Get in Gear: 5 Pro Tips To Organize Your Outdoor and Sports Equipment

July 14, 2021


Getting organized isn’t just a spring-cleaning activity. In fact, the dead heat of summer is the perfect time to reevaluate the sporting and outdoor gear that’s clogging up your garage.

Forging ahead in our “Decluttering for Dummies” series, we’re bringing you all the best advice from professional organizers around the country.

Whether you’ve got a toolshed filled with old camping stuff, a basketball hoop you haven’t gotten around to selling, or even an impressive set of running shoes, we’re here to help you declutter your collection of outdoor sports and recreation gear.

1. Keep outdoor gear based on goals
“Whether it’s to improve your backswing or to train for a marathon, have these goals top of mind as you begin going through your outdoor and sporting gear,” says organizer Christina Lee, of Graceful Spaces.

If you plan to spend your summer season focused on hiking and camping, you might decide to ditch some of that biking gear from summers past. Similarly, if you’ve given up a sport or outdoor hobby entirely, now’s a great time to clean out that storage space for the stuff you actually plan on using.

2. Consider bulk vs. necessity
This is especially helpful for people with multiple big-ticket items like boats, bikes, skis, fishing poles, etc.

“There are three things to consider when deciding what items to keep and toss,” says organizer Michelle Hansen, of Practical Perfection. “First, determine the item’s condition. Next, think about the last time that it’s been used. Third, consider how much space it’s taking up in your garage.”

Remember that it’s easier to unload gear during the season that it’s used. In other words, now is the perfect time to sell that set of kayaks that has been sitting around unused. Plus, it will also free up your storage for the things you actually plan to use this season.

3. Trash only what really can’t be used
When it comes time to get rid of your unwanted gear, be sure you’re not throwing anything away that can be sold or donated.

“It’s time to trash sports gear when it’s in such bad shape that you or someone else won’t find it useful,” says Hansen. “Some items can be fixed, but some are just beyond repair.”

If you have any old gear that’s in really bad shape, take it to your local recycling center. Otherwise, consider selling items on sites like Craigslist or Facebook Marketplace. You can also post on social media to either sell or donate it to someone who will use it.

4. Use vertical space to store your equipment
Once you’ve finally pared down your collection of outdoor and sports gear to only those things you plan on keeping, it’s time to come up with a method of organization. If you haven’t done so yet, now’s a great time to start considering how to best use your space.

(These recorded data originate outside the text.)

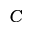Convert formula to latex. <formula><loc_0><loc_0><loc_500><loc_500>C</formula> 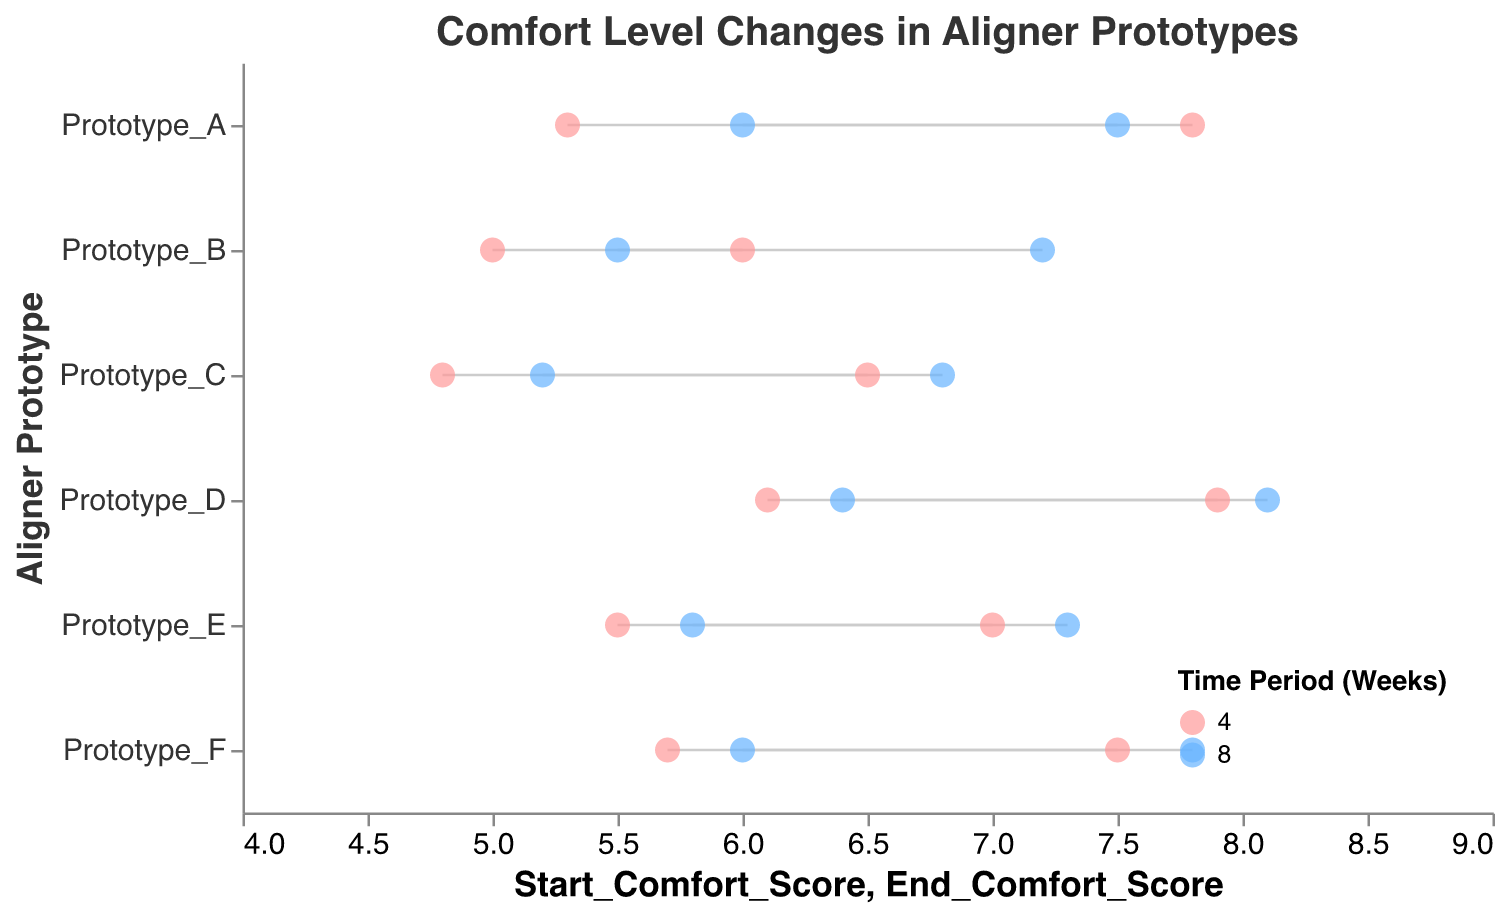Which prototype has the highest final comfort score after 8 weeks? Look at the data points marked with a time period of 8 weeks and compare their end comfort scores. Prototype D has the highest final comfort score of 8.1.
Answer: Prototype D What's the average increase in comfort score for Prototype C from the start to the end over both time periods? Calculate the increase for each time period: (6.5 - 4.8) = 1.7 and (6.8 - 5.2) = 1.6. Then average these two values: (1.7 + 1.6) / 2 = 1.65.
Answer: 1.65 Which prototype had the smallest improvement in comfort over the 4-week period? Compare the comfort score increases for the 4-week periods: Prototype A (2.5), Prototype B (1.0), Prototype C (1.7), Prototype D (1.8), Prototype E (1.5), Prototype F (1.8). Prototype B had the smallest improvement with an increase of 1.0.
Answer: Prototype B How does the initial comfort score of Prototype E compare with the initial comfort score of Prototype F in the 8-week period? Compare the initial comfort scores for both prototypes at 8 weeks: Prototype E is 5.8; Prototype F is 6.0. Prototype F has a higher initial comfort score.
Answer: Prototype F What is the maximum increase in comfort score observed across all prototypes over the 8-week period? Calculate the increase in comfort scores for the 8-week period for all prototypes: Prototype A (7.5 - 6.0 = 1.5), Prototype B (7.2 - 5.5 = 1.7), Prototype C (6.8 - 5.2 = 1.6), Prototype D (8.1 - 6.4 = 1.7), Prototype E (7.3 - 5.8 = 1.5), Prototype F (7.8 - 6.0 = 1.8). The maximum increase is 1.8 seen in Prototype F.
Answer: 1.8 Which prototypes show a higher end comfort score consistently at both 4 and 8 weeks? Look for prototypes that maintain higher end comfort scores consistently at both time periods: Possible candidates are Prototype A, Prototype D, and Prototype F. Prototype D and F stay higher throughout.
Answer: Prototype D, Prototype F Which time period color represents 4 weeks? Identify the color associated with the 4-week time period from the plot legend: 4 weeks is colored in red tones (#ff9999).
Answer: Red tones How does the start comfort score comparison between Prototype A and Prototype C change over 4 and 8 weeks? Compare start comfort scores: For 4 weeks, Prototype A (5.3) is higher than Prototype C (4.8). For 8 weeks, Prototype A (6.0) is higher than Prototype C (5.2). The start comfort score for Prototype A is consistently higher.
Answer: Prototype A consistently higher What is the total number of data points represented in the plot? Count the number of rows in the data table, which corresponds to the number of data points in the plot: 12 data points.
Answer: 12

“One of my favorite ways to organize gear is to use the vertical space,” says Hansen. “Installing a ceiling garage rack can free up a ton of storage space around your garage.”

You can also use a wall-mounted broom holder to store things like tennis rackets or lacrosse sticks.
“The best rule of thumb is to find a place for everything and try to keep things off of the ground,” Hansen says.

5. Organize by zones
“Once you’ve categorized your items and have determined what you’re keeping, you can create zones based on how often items are being used and how accessible they need to be,” says Lee.

An example of this, Lee explains, would be a family with weekly baseball practices creating an accessible drop-zone for baseball equipment in the garage. This will be made easier if you first organize your gear according to season, keeping things for other times of the year toward the back (or in vertical spaces) and things you plan on using regularly in more accessible spots.

But zones don’t just apply to sporting goods. This strategy can also be used for kids’ toys, like small bikes.

“We like to create ‘parking lots’ on garage floors using painter’s tape or even paint for bicycles and other rideable toys,” says Lee. “When everything has a home, the whole family is on the same page about where things belong and can help maintain the system.”